Trevor Sargent
Ceist:115 Mr. Sargent asked the Minister for Finance his views on the forecast of increased employment as a result of an energy tax as contained in findings published by the ESRI.
Vol. 436 No. 5
115 Mr. Sargent asked the Minister for Finance his views on the forecast of increased employment as a result of an energy tax as contained in findings published by the ESRI.
In a research paper published last year¹ the Economic and Social Research Institute, ESRI, examined the effect of a unilateral adoption in Ireland of a carbon energy tax of $10 per barrel of oil equivalent imposed for a ten year period to the year 2000.
They estimated that, if the proceeds were applied in full to reducing PRSI contributions, by the year 2000 consumer prices would be slightly higher than otherwise but gross wages would be lower — on the basis that the reductions in PRSI would have a beneficial effect on wage determination. In consequence GNP would be almost 0.5 per cent higher and total employment 0.75 per cent higher than otherwise.

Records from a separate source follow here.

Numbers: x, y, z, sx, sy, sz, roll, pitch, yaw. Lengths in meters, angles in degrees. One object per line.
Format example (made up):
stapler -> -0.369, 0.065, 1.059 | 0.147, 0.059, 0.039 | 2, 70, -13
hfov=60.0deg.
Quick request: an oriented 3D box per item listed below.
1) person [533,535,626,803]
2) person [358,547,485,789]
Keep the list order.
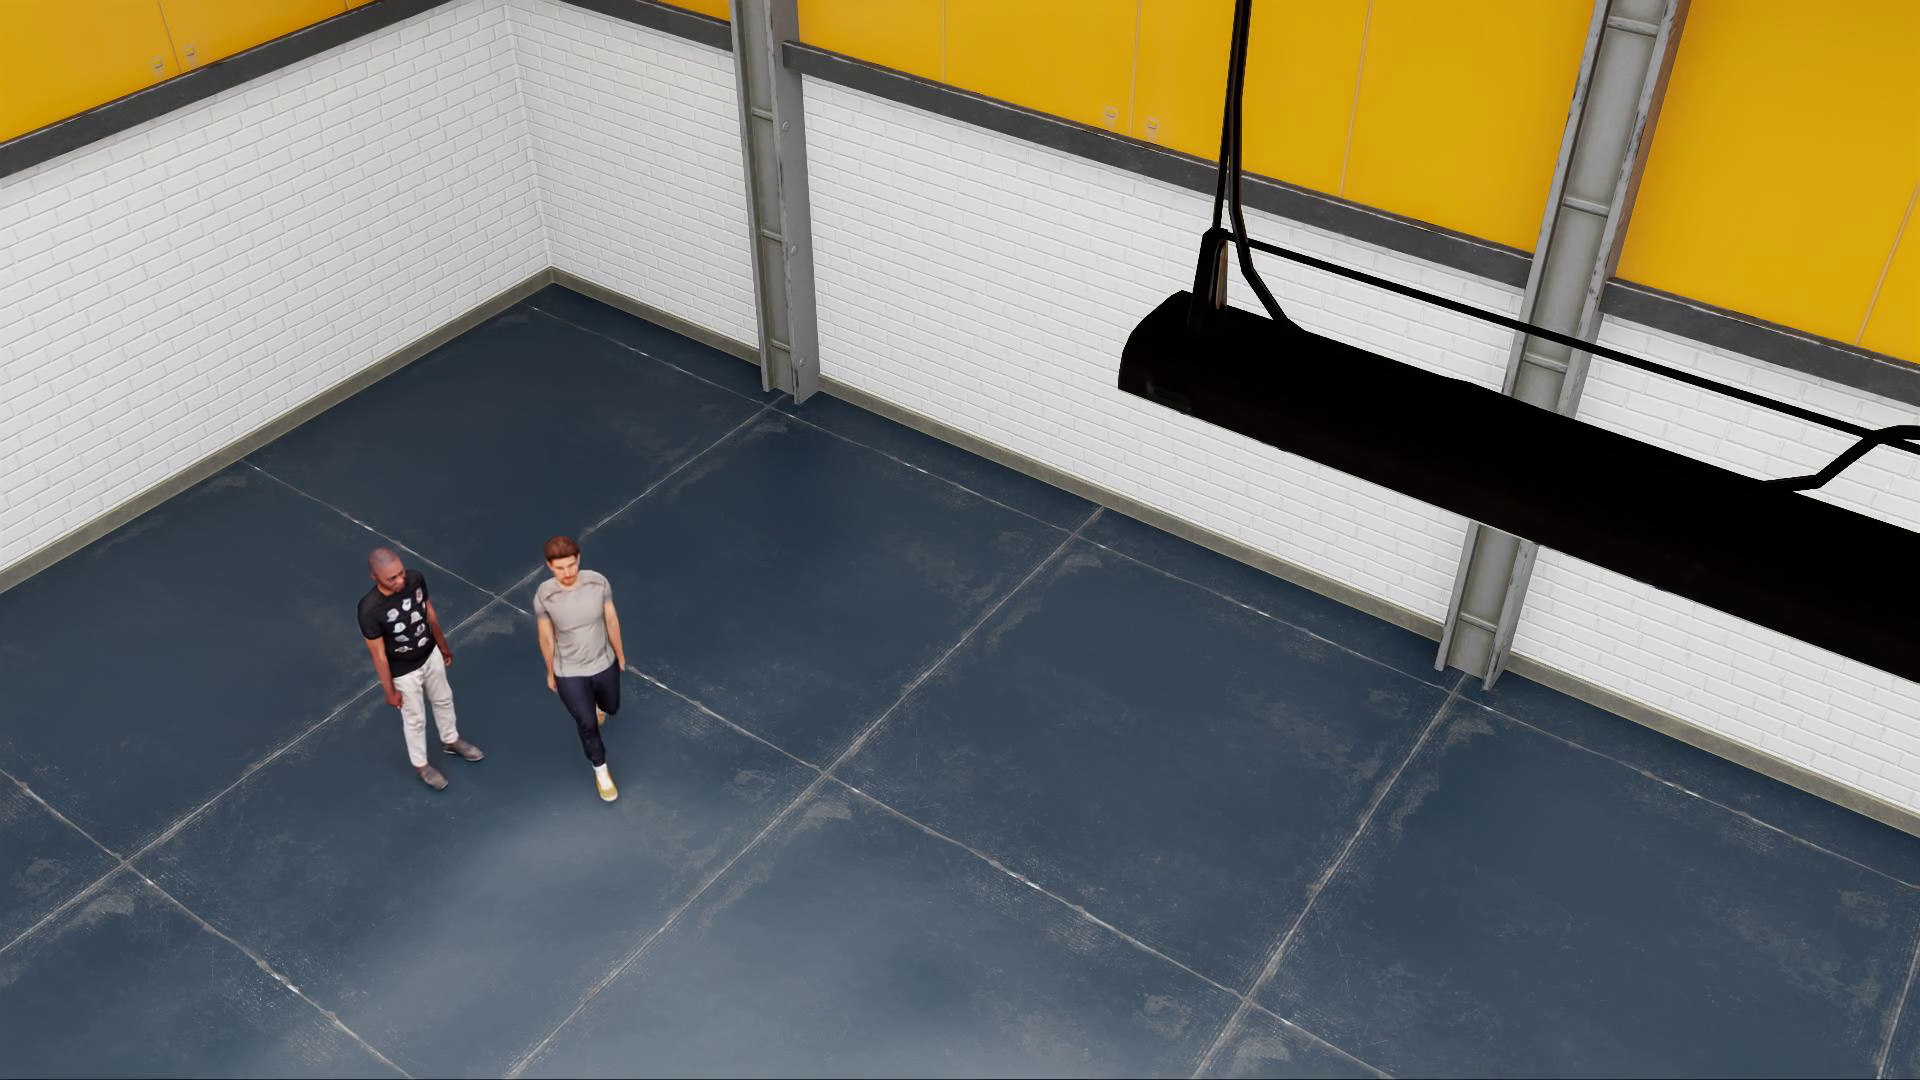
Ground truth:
person -> -2.299, 0.696, 10.097 | 0.968, 1.879, 1.134 | -15, 41, -18
person -> -3.340, 0.739, 10.106 | 0.630, 1.800, 0.680 | 20, 43, 23
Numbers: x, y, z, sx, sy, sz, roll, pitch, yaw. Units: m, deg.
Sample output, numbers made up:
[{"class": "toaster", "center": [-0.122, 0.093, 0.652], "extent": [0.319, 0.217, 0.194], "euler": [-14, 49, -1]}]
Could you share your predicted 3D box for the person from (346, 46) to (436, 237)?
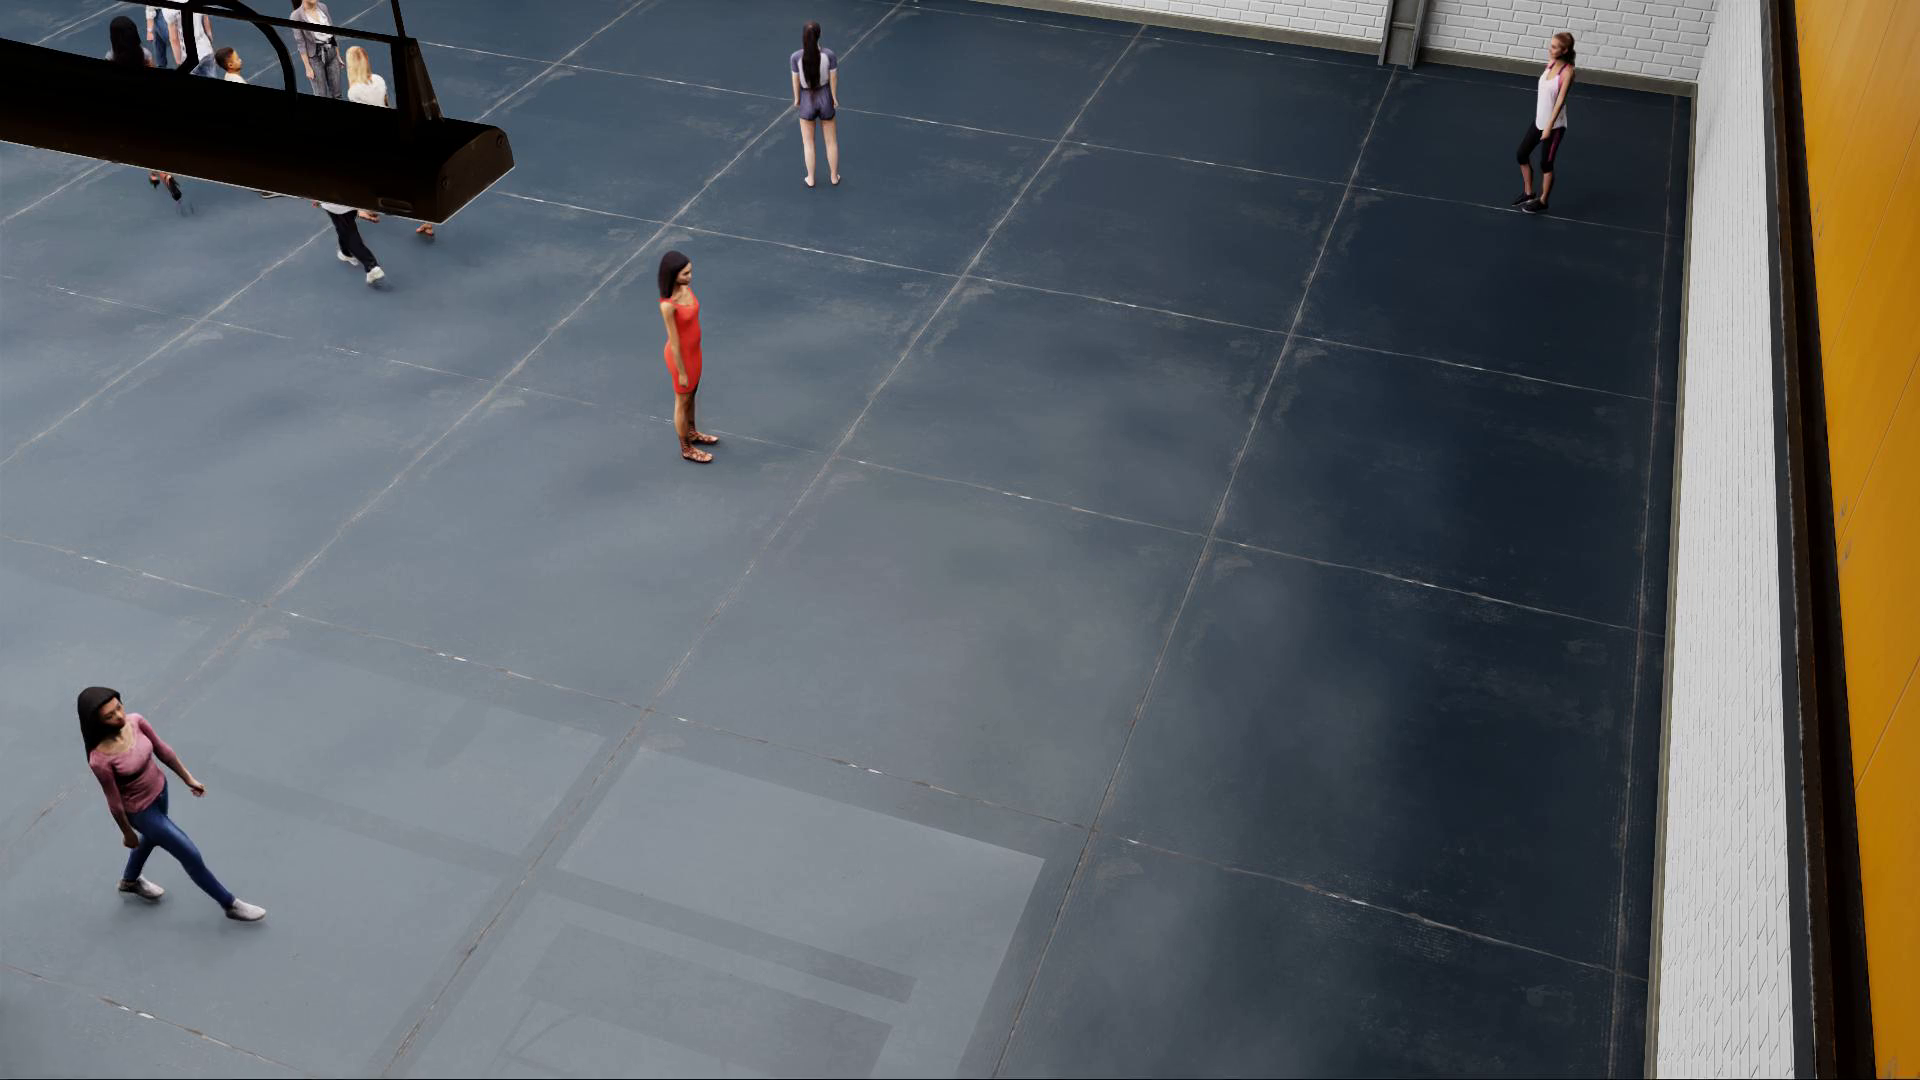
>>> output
[{"class": "person", "center": [-5.214, -3.577, 15.192], "extent": [1.251, 1.774, 0.824], "euler": [23, 44, 26]}]

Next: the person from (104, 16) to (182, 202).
[{"class": "person", "center": [-7.739, -4.030, 15.786], "extent": [0.954, 1.741, 1.165], "euler": [-31, 48, -33]}]

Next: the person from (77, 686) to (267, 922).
[{"class": "person", "center": [-4.459, 1.419, 8.995], "extent": [1.179, 1.701, 0.759], "euler": [5, 39, 7]}]

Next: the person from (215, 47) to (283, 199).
[{"class": "person", "center": [-6.874, -4.022, 15.996], "extent": [0.687, 1.465, 0.590], "euler": [-28, 46, -30]}]

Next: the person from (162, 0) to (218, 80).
[{"class": "person", "center": [-7.619, -4.840, 16.718], "extent": [0.765, 1.843, 0.730], "euler": [18, 42, 21]}]

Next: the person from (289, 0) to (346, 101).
[{"class": "person", "center": [-6.474, -4.847, 16.859], "extent": [0.661, 1.678, 0.668], "euler": [21, 43, 24]}]

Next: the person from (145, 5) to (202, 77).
[{"class": "person", "center": [-8.352, -5.480, 17.648], "extent": [1.175, 1.683, 0.944], "euler": [-6, 39, -7]}]

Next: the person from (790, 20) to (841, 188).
[{"class": "person", "center": [-1.384, -4.213, 16.088], "extent": [0.602, 1.650, 0.725], "euler": [-5, 39, -6]}]

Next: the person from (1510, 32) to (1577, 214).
[{"class": "person", "center": [5.614, -3.894, 15.590], "extent": [0.800, 1.772, 0.758], "euler": [-10, 40, -12]}]

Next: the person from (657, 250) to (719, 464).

In principle, I would agree with the thrust of the findings, given the assumptions stated by the ESRI. Clearly, any reduction in the cost of labour would be expected to result in increased employment. However, a number of qualifications arise with respect to applying the ESRI's analysis to current proposals about a carbon energy tax:
(a) The tax which has been proposed by the EC Commission would apply initially at $3 per barrel, rising by annual increments of $1 to $10 per barrel by the year 2000. As the proposed tax increase is less than that tested by the institute, its impact would be correspondingly smaller.